I do not wish to postpone everything until Report Stage. Ultimately, responsibility for it lies with the Minister for Arts, Heritage and the Gaeltacht and the various bodies that are in charge of it. They have responsibility for it.

Then allow the Minister to-----

I do not wish to duplicate. The Forestry Bill pertains to forestry and its purpose is to help more people to become involved in planting forests on land that has been left idle and to make it easy for them. One of the biggest issues about which people have spoken to me over the six months since I took this job has been how difficult it was to get into forestry. This Bill is about making it amenable for people to plant land that is under-used right around the country, which could be beneficial, particularly in rural areas. Much of it is in County Clare. That is the point. The Government wishes to avoid duplication with the other Department and that is the point that is being made.

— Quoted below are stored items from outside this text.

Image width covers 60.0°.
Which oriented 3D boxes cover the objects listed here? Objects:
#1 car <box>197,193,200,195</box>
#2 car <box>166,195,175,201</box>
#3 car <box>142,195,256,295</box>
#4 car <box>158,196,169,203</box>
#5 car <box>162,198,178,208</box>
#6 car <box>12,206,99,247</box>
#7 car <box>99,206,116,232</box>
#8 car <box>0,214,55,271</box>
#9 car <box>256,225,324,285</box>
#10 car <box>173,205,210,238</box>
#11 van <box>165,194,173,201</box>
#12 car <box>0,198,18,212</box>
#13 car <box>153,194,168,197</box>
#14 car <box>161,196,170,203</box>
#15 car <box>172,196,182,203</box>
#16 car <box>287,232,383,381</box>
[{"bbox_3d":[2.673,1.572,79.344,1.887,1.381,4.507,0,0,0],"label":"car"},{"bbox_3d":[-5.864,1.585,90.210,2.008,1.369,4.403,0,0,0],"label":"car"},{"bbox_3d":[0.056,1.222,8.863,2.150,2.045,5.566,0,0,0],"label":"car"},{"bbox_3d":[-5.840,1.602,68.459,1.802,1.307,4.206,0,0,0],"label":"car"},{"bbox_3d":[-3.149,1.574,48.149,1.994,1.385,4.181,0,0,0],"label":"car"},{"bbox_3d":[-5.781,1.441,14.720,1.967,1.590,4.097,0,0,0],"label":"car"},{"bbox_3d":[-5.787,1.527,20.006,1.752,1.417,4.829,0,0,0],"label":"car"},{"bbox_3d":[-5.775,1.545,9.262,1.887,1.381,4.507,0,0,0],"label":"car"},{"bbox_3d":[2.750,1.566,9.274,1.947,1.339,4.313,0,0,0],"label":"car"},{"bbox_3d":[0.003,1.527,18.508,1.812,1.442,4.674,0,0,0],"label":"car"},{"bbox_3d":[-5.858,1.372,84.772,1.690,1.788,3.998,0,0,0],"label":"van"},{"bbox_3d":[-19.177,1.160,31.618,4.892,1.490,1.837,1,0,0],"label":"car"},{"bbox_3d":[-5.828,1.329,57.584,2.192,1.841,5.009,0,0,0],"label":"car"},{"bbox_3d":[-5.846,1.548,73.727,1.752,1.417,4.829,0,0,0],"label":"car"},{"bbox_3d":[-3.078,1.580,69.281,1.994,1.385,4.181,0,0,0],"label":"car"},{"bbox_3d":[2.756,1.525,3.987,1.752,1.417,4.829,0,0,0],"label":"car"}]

As for stating it is the responsibility of one Minister, ultimately it is the responsibility of the State to protect its environment and to encourage forestry. That is, it has the responsibility to do both. As for nitpicking by stating this is the responsibility of one Minister and that is the responsibility of another, I note members are in committee to bring forward legislation that works and not just for today or tomorrow. The legislation members are seeking to repeal here is from 1946. If this Bill is to last for 90 years, will there be a Minister for Agriculture, Food and the Marine or a Minister for Arts, Heritage and the Gaeltacht?

Ministers change every couple of years, or rather the contours of Departments change.

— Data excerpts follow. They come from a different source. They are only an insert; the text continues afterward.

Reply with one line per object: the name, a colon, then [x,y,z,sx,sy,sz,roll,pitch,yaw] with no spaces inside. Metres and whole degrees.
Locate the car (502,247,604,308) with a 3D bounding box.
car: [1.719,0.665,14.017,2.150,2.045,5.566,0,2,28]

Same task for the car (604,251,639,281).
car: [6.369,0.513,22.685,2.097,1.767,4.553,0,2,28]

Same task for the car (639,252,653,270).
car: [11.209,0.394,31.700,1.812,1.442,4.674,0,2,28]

I take it from what the Minister of State said that it is more desirable for the Department of Arts, Heritage and the Gaeltacht to designate ancient woodlands as SACs and thus protect them that way. Surely a Forestry Bill should protect such forests, without having to go through the whole process of the SAC designation, everything that entails and the negative connotations in that regard among farmers and rural communities. This Forestry Bill could protect those forests which are of interest. Is it conceivable that somebody could apply for a felling licence for an ancient established forest, proposing to replace it with a Sitka spruce or an evergreen forest, which would be acceptable under this legislation, if the forest had not been designated as an SAC? I do not think that is what any of us intend in this regard. It is important to protect forests also.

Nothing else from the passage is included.